Frequently Asked Questions
Common questions about this medicine
Pack Sizes
Shelf Life
Typically 2-3 years when stored as per recommendations. Refer to the specific product label for precise shelf-life.
Availability
Hospitals, Pharmacies
Approval Status
Approved
Patent Status
Generic available
WHO Essential Medicine
YesClinical Trials
Polymyxin B has been in clinical use for decades. Its efficacy and safety, despite its toxicities, are well-established through extensive historical data and numerous clinical studies, particularly in the context of multi-drug resistant Gram-negative infections. Ongoing research focuses on optimizing dosing and combination therapies to mitigate toxicity.
Lab Monitoring
- Baseline and regular monitoring of renal function (serum creatinine, blood urea nitrogen (BUN), urine output, creatinine clearance) before and throughout therapy.
- Electrolyte levels (especially potassium, sodium, calcium) should be monitored.
- Serum polymyxin B levels (if available) for therapeutic drug monitoring and dose adjustment, particularly in patients with renal impairment.

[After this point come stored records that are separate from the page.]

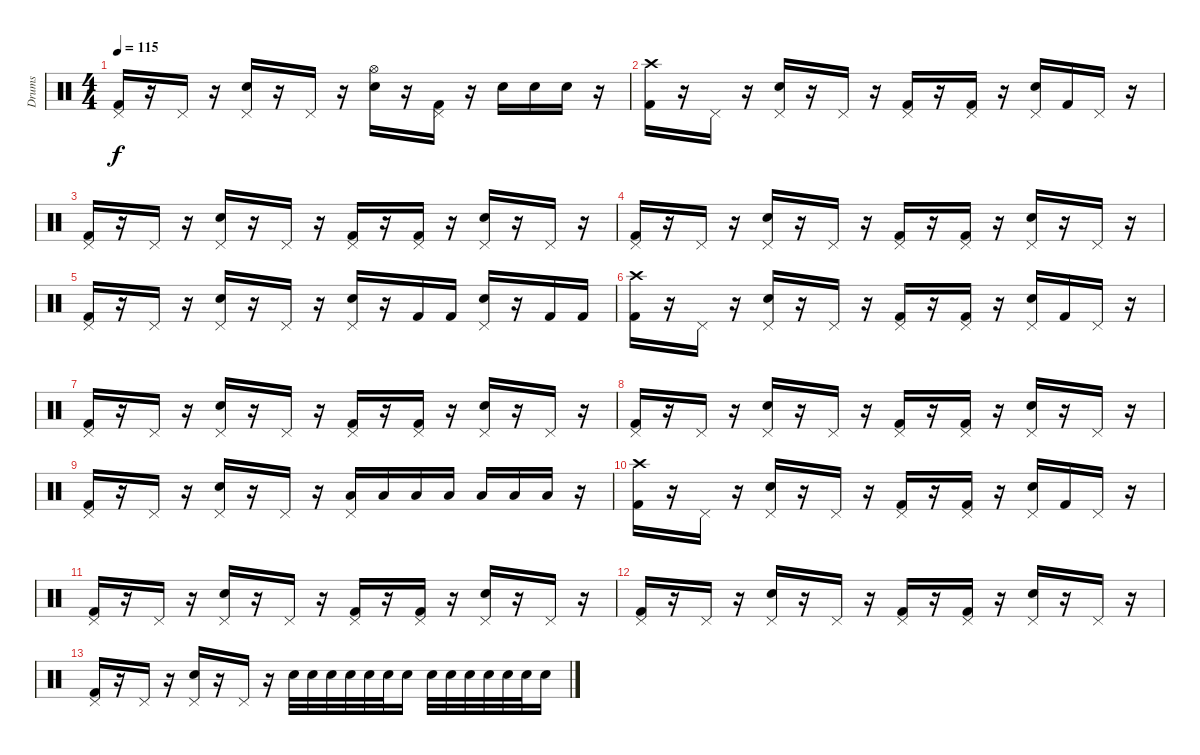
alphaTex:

\track ("Drums" "Drums") {instrument percussion}
\staff {score}
\articulation defaults
\ts (4 4)
\tempo 115
\clef neutral
\ks c
("Pedal Hi-Hat (hit)" "Kick (hit) 2").16{dy f} r.16 "Pedal Hi-Hat (hit)".16 r.16 ("Pedal Hi-Hat (hit)" "Snare (hit) 2").16 r.16 "Pedal Hi-Hat (hit)".16 r.16 ("Hi-Hat (open)" "Snare (hit) 2").16 r.16 ("Pedal Hi-Hat (hit)" "Kick (hit) 2").16 r.16 "Snare (hit) 2".16 "Snare (hit) 2".16 "Snare (hit) 2".16 r.16 |
("Crash high (hit)" "Kick (hit) 2").16 r.16 "Pedal Hi-Hat (hit)".16 r.16 ("Pedal Hi-Hat (hit)" "Snare (hit) 2").16 r.16 "Pedal Hi-Hat (hit)".16 r.16 ("Pedal Hi-Hat (hit)" "Kick (hit) 2").16 r.16 ("Pedal Hi-Hat (hit)" "Kick (hit) 2").16 r.16 ("Pedal Hi-Hat (hit)" "Snare (hit) 2").16 "Kick (hit) 2".16 "Pedal Hi-Hat (hit)".16 r.16 |
("Pedal Hi-Hat (hit)" "Kick (hit) 2").16 r.16 "Pedal Hi-Hat (hit)".16 r.16 ("Pedal Hi-Hat (hit)" "Snare (hit) 2").16 r.16 "Pedal Hi-Hat (hit)".16 r.16 ("Pedal Hi-Hat (hit)" "Kick (hit) 2").16 r.16 ("Pedal Hi-Hat (hit)" "Kick (hit) 2").16 r.16 ("Pedal Hi-Hat (hit)" "Snare (hit) 2").16 r.16 "Pedal Hi-Hat (hit)".16 r.16 |
("Pedal Hi-Hat (hit)" "Kick (hit) 2").16 r.16 "Pedal Hi-Hat (hit)".16 r.16 ("Pedal Hi-Hat (hit)" "Snare (hit) 2").16 r.16 "Pedal Hi-Hat (hit)".16 r.16 ("Pedal Hi-Hat (hit)" "Kick (hit) 2").16 r.16 ("Pedal Hi-Hat (hit)" "Kick (hit) 2").16 r.16 ("Pedal Hi-Hat (hit)" "Snare (hit) 2").16 r.16 "Pedal Hi-Hat (hit)".16 r.16 |
("Pedal Hi-Hat (hit)" "Kick (hit) 2").16 r.16 "Pedal Hi-Hat (hit)".16 r.16 ("Pedal Hi-Hat (hit)" "Snare (hit) 2").16 r.16 "Pedal Hi-Hat (hit)".16 r.16 ("Pedal Hi-Hat (hit)" "Snare (hit) 2").16 r.16 "Kick (hit) 2".16 "Kick (hit) 2".16 ("Pedal Hi-Hat (hit)" "Snare (hit) 2").16 r.16 "Kick (hit) 2".16 "Kick (hit) 2".16 |
("Crash high (hit)" "Kick (hit) 2").16 r.16 "Pedal Hi-Hat (hit)".16 r.16 ("Pedal Hi-Hat (hit)" "Snare (hit) 2").16 r.16 "Pedal Hi-Hat (hit)".16 r.16 ("Pedal Hi-Hat (hit)" "Kick (hit) 2").16 r.16 ("Pedal Hi-Hat (hit)" "Kick (hit) 2").16 r.16 ("Pedal Hi-Hat (hit)" "Snare (hit) 2").16 "Kick (hit) 2".16 "Pedal Hi-Hat (hit)".16 r.16 |
("Pedal Hi-Hat (hit)" "Kick (hit) 2").16 r.16 "Pedal Hi-Hat (hit)".16 r.16 ("Pedal Hi-Hat (hit)" "Snare (hit) 2").16 r.16 "Pedal Hi-Hat (hit)".16 r.16 ("Pedal Hi-Hat (hit)" "Kick (hit) 2").16 r.16 ("Pedal Hi-Hat (hit)" "Kick (hit) 2").16 r.16 ("Pedal Hi-Hat (hit)" "Snare (hit) 2").16 r.16 "Pedal Hi-Hat (hit)".16 r.16 |
("Pedal Hi-Hat (hit)" "Kick (hit) 2").16 r.16 "Pedal Hi-Hat (hit)".16 r.16 ("Pedal Hi-Hat (hit)" "Snare (hit) 2").16 r.16 "Pedal Hi-Hat (hit)".16 r.16 ("Pedal Hi-Hat (hit)" "Kick (hit) 2").16 r.16 ("Pedal Hi-Hat (hit)" "Kick (hit) 2").16 r.16 ("Pedal Hi-Hat (hit)" "Snare (hit) 2").16 r.16 "Pedal Hi-Hat (hit)".16 r.16 |
("Pedal Hi-Hat (hit)" "Kick (hit) 2").16 r.16 "Pedal Hi-Hat (hit)".16 r.16 ("Pedal Hi-Hat (hit)" "Snare (hit) 2").16 r.16 "Pedal Hi-Hat (hit)".16 r.16 ("Pedal Hi-Hat (hit)" "Low Tom (hit)").16 "Low Tom (hit)".16 "Low Tom (hit)".16 "Low Tom (hit)".16 "Low Tom (hit)".16 "Low Tom (hit)".16 "Low Tom (hit)".16 r.16 |
("Crash high (hit)" "Kick (hit) 2").16 r.16 "Pedal Hi-Hat (hit)".16 r.16 ("Pedal Hi-Hat (hit)" "Snare (hit) 2").16 r.16 "Pedal Hi-Hat (hit)".16 r.16 ("Pedal Hi-Hat (hit)" "Kick (hit) 2").16 r.16 ("Pedal Hi-Hat (hit)" "Kick (hit) 2").16 r.16 ("Pedal Hi-Hat (hit)" "Snare (hit) 2").16 "Kick (hit) 2".16 "Pedal Hi-Hat (hit)".16 r.16 |
("Pedal Hi-Hat (hit)" "Kick (hit) 2").16 r.16 "Pedal Hi-Hat (hit)".16 r.16 ("Pedal Hi-Hat (hit)" "Snare (hit) 2").16 r.16 "Pedal Hi-Hat (hit)".16 r.16 ("Pedal Hi-Hat (hit)" "Kick (hit) 2").16 r.16 ("Pedal Hi-Hat (hit)" "Kick (hit) 2").16 r.16 ("Pedal Hi-Hat (hit)" "Snare (hit) 2").16 r.16 "Pedal Hi-Hat (hit)".16 r.16 |
("Pedal Hi-Hat (hit)" "Kick (hit) 2").16 r.16 "Pedal Hi-Hat (hit)".16 r.16 ("Pedal Hi-Hat (hit)" "Snare (hit) 2").16 r.16 "Pedal Hi-Hat (hit)".16 r.16 ("Pedal Hi-Hat (hit)" "Kick (hit) 2").16 r.16 ("Pedal Hi-Hat (hit)" "Kick (hit) 2").16 r.16 ("Pedal Hi-Hat (hit)" "Snare (hit) 2").16 r.16 "Pedal Hi-Hat (hit)".16 r.16 |
("Pedal Hi-Hat (hit)" "Kick (hit) 2").16 r.16 "Pedal Hi-Hat (hit)".16 r.16 ("Pedal Hi-Hat (hit)" "Snare (hit) 2").16 r.16 "Pedal Hi-Hat (hit)".16 r.16 "Snare (hit) 2".32 "Snare (hit) 2".32 "Snare (hit) 2".32 "Snare (hit) 2".32 "Snare (hit) 2".32 "Snare (hit) 2".32 "Snare (hit) 2".16 "Snare (hit) 2".32 "Snare (hit) 2".32 "Snare (hit) 2".32 "Snare (hit) 2".32 "Snare (hit) 2".32 "Snare (hit) 2".32 "Snare (hit) 2".16

- Neurological status should be assessed regularly.
Doctor Notes
- Polymyxin B is a last-resort antibiotic for serious MDR Gram-negative infections. Use only when clearly indicated and susceptible organisms are identified.
- Close monitoring of renal function, electrolytes, and neurological status is mandatory during therapy.

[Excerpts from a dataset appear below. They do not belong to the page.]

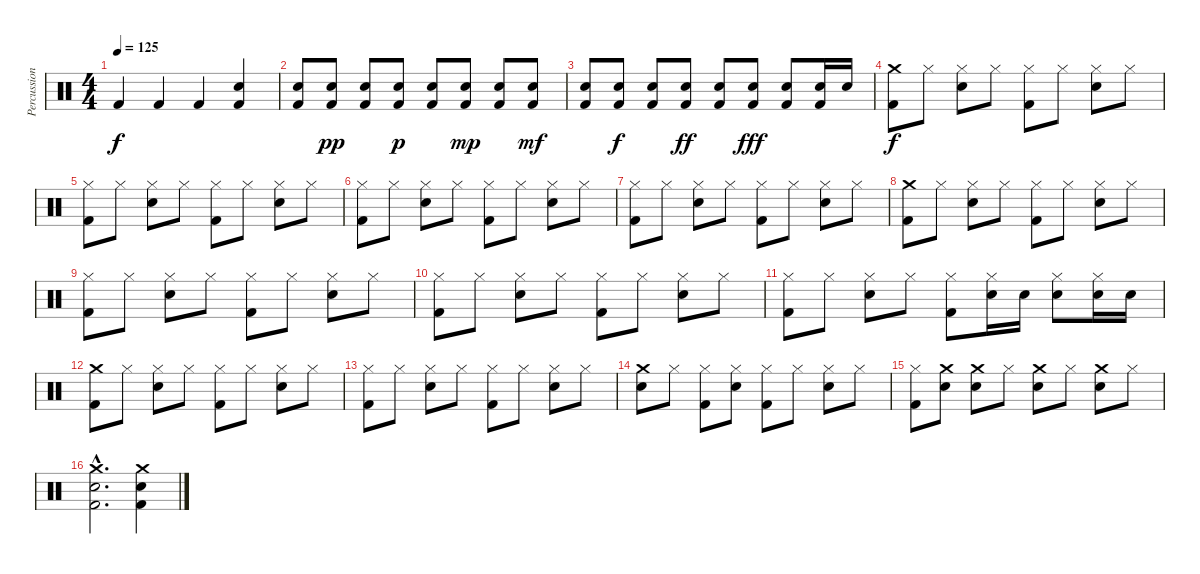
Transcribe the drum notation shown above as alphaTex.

\track ("Percussion" "Percussion") {instrument percussion}
\staff {score}
\articulation defaults
\ts (4 4)
\tempo 125
\clef neutral
\ks c "Kick (hit) 2".4{dy f} "Kick (hit) 2".4 "Kick (hit) 2".4
("Snare (hit) 2" "Kick (hit) 2").4 |
("Snare (hit) 2" "Kick (hit) 2").8 ("Snare (hit) 2" "Kick (hit) 2").8{dy pp} ("Snare (hit) 2" "Kick (hit) 2").8 ("Snare (hit) 2" "Kick (hit) 2").8{dy p} ("Snare (hit) 2" "Kick (hit) 2").8 ("Snare (hit) 2" "Kick (hit) 2").8{dy mp} ("Snare (hit) 2" "Kick (hit) 2").8 ("Snare (hit) 2" "Kick (hit) 2").8{dy mf} |
("Snare (hit) 2" "Kick (hit) 2").8 ("Snare (hit) 2" "Kick (hit) 2").8{dy f} ("Snare (hit) 2" "Kick (hit) 2").8 ("Snare (hit) 2" "Kick (hit) 2").8{dy ff} ("Snare (hit) 2" "Kick (hit) 2").8 ("Snare (hit) 2" "Kick (hit) 2").8{dy fff} ("Snare (hit) 2" "Kick (hit) 2").8 ("Snare (hit) 2" "Kick (hit) 2").16 "Snare (hit) 2".16 |
("Crash medium (hit)" "Kick (hit) 2").8{dy f} "Hi-Hat (closed)".8 ("Hi-Hat (closed)" "Snare (hit) 2").8 "Hi-Hat (closed)".8 ("Hi-Hat (closed)" "Kick (hit) 2").8 "Hi-Hat (closed)".8 ("Hi-Hat (closed)" "Snare (hit) 2").8 "Hi-Hat (closed)".8 |
("Hi-Hat (closed)" "Kick (hit) 2").8 "Hi-Hat (closed)".8 ("Hi-Hat (closed)" "Snare (hit) 2").8 "Hi-Hat (closed)".8 ("Hi-Hat (closed)" "Kick (hit) 2").8 "Hi-Hat (closed)".8 ("Hi-Hat (closed)" "Snare (hit) 2").8 "Hi-Hat (closed)".8 |
("Hi-Hat (closed)" "Kick (hit) 2").8 "Hi-Hat (closed)".8 ("Hi-Hat (closed)" "Snare (hit) 2").8 "Hi-Hat (closed)".8 ("Hi-Hat (closed)" "Kick (hit) 2").8 "Hi-Hat (closed)".8 ("Hi-Hat (closed)" "Snare (hit) 2").8 "Hi-Hat (closed)".8 |
("Hi-Hat (closed)" "Kick (hit) 2").8 "Hi-Hat (closed)".8 ("Hi-Hat (closed)" "Snare (hit) 2").8 "Hi-Hat (closed)".8 ("Hi-Hat (closed)" "Kick (hit) 2").8 "Hi-Hat (closed)".8 ("Hi-Hat (closed)" "Snare (hit) 2").8 "Hi-Hat (closed)".8 |
("Crash medium (hit)" "Kick (hit) 2").8 "Hi-Hat (closed)".8 ("Hi-Hat (closed)" "Snare (hit) 2").8 "Hi-Hat (closed)".8 ("Hi-Hat (closed)" "Kick (hit) 2").8 "Hi-Hat (closed)".8 ("Hi-Hat (closed)" "Snare (hit) 2").8 "Hi-Hat (closed)".8 |
("Hi-Hat (closed)" "Kick (hit) 2").8 "Hi-Hat (closed)".8 ("Hi-Hat (closed)" "Snare (hit) 2").8 "Hi-Hat (closed)".8 ("Hi-Hat (closed)" "Kick (hit) 2").8 "Hi-Hat (closed)".8 ("Hi-Hat (closed)" "Snare (hit) 2").8 "Hi-Hat (closed)".8 |
("Hi-Hat (closed)" "Kick (hit) 2").8 "Hi-Hat (closed)".8 ("Hi-Hat (closed)" "Snare (hit) 2").8 "Hi-Hat (closed)".8 ("Hi-Hat (closed)" "Kick (hit) 2").8 "Hi-Hat (closed)".8 ("Hi-Hat (closed)" "Snare (hit) 2").8 "Hi-Hat (closed)".8 |
("Hi-Hat (closed)" "Kick (hit) 2").8 "Hi-Hat (closed)".8 ("Hi-Hat (closed)" "Snare (hit) 2").8 "Hi-Hat (closed)".8 ("Hi-Hat (closed)" "Kick (hit) 2").8 ("Hi-Hat (closed)" "Snare (hit) 2").16 "Snare (hit) 2".16 ("Hi-Hat (closed)" "Snare (hit) 2").8 ("Hi-Hat (closed)" "Snare (hit) 2").16 "Snare (hit) 2".16 |
("Crash medium (hit)" "Kick (hit) 2").8 "Hi-Hat (closed)".8 ("Hi-Hat (closed)" "Snare (hit) 2").8 "Hi-Hat (closed)".8 ("Hi-Hat (closed)" "Kick (hit) 2").8 "Hi-Hat (closed)".8 ("Hi-Hat (closed)" "Snare (hit) 2").8 "Hi-Hat (closed)".8 |
("Hi-Hat (closed)" "Kick (hit) 2").8 "Hi-Hat (closed)".8 ("Hi-Hat (closed)" "Snare (hit) 2").8 "Hi-Hat (closed)".8 ("Hi-Hat (closed)" "Kick (hit) 2").8 "Hi-Hat (closed)".8 ("Hi-Hat (closed)" "Snare (hit) 2").8 "Hi-Hat (closed)".8 |
("Crash medium (hit)" "Snare (hit) 2").8 "Hi-Hat (closed)".8 ("Hi-Hat (closed)" "Kick (hit) 2").8 ("Hi-Hat (closed)" "Snare (hit) 2").8 ("Hi-Hat (closed)" "Kick (hit) 2").8 "Hi-Hat (closed)".8 ("Hi-Hat (closed)" "Snare (hit) 2").8 "Hi-Hat (closed)".8 |
("Hi-Hat (closed)" "Kick (hit) 2").8 ("Crash medium (hit)" "Snare (hit) 2").8 ("Crash medium (hit)" "Snare (hit) 2").8 "Hi-Hat (closed)".8 ("Crash medium (hit)" "Snare (hit) 2").8 "Hi-Hat (closed)".8 ("Crash medium (hit)" "Snare (hit) 2").8 "Hi-Hat (closed)".8 |
("Crash medium (hit)"{hac} "Snare (hit) 2"{hac} "Kick (hit) 2"{hac}).2{d} ("Crash medium (hit)" "Snare (hit) 2" "Kick (hit) 2").4

- Avoid concomitant use with other nephrotoxic or neurotoxic agents whenever possible.
- Administer via slow intravenous infusion (over 60-90 minutes) to minimize side effects. Intramuscular administration is strongly discouraged.
Patient Guidelines
- It is crucial to report any changes in urine output, swelling, confusion, dizziness, numbness, or muscle weakness immediately to your healthcare provider.
- Complete the entire course of treatment as prescribed, even if symptoms improve, to prevent recurrence and resistance.
- Inform your doctor about all other medications, including over-the-counter drugs, herbal supplements, and vitamins, to avoid potential drug interactions.
- This medication will be administered by a healthcare professional, usually in a hospital setting, due to its potential for serious side effects and the need for close monitoring.
Missed Dose Advice
If a dose is missed, administer it as soon as remembered. However, if it is almost time for the next scheduled dose, skip the missed dose and resume the regular dosing schedule. Do not double the dose to make up for a missed one.
Driving Precautions
Polymyxin B may cause dizziness, confusion, or blurred vision as part of its neurotoxic effects. Patients should be advised not to drive or operate heavy machinery if they experience these symptoms.
Lifestyle Advice
- Maintain adequate hydration by drinking plenty of fluids, especially during treatment, to support kidney function.
- Avoid alcohol consumption if experiencing dizziness or drowsiness, as it may exacerbate these side effects.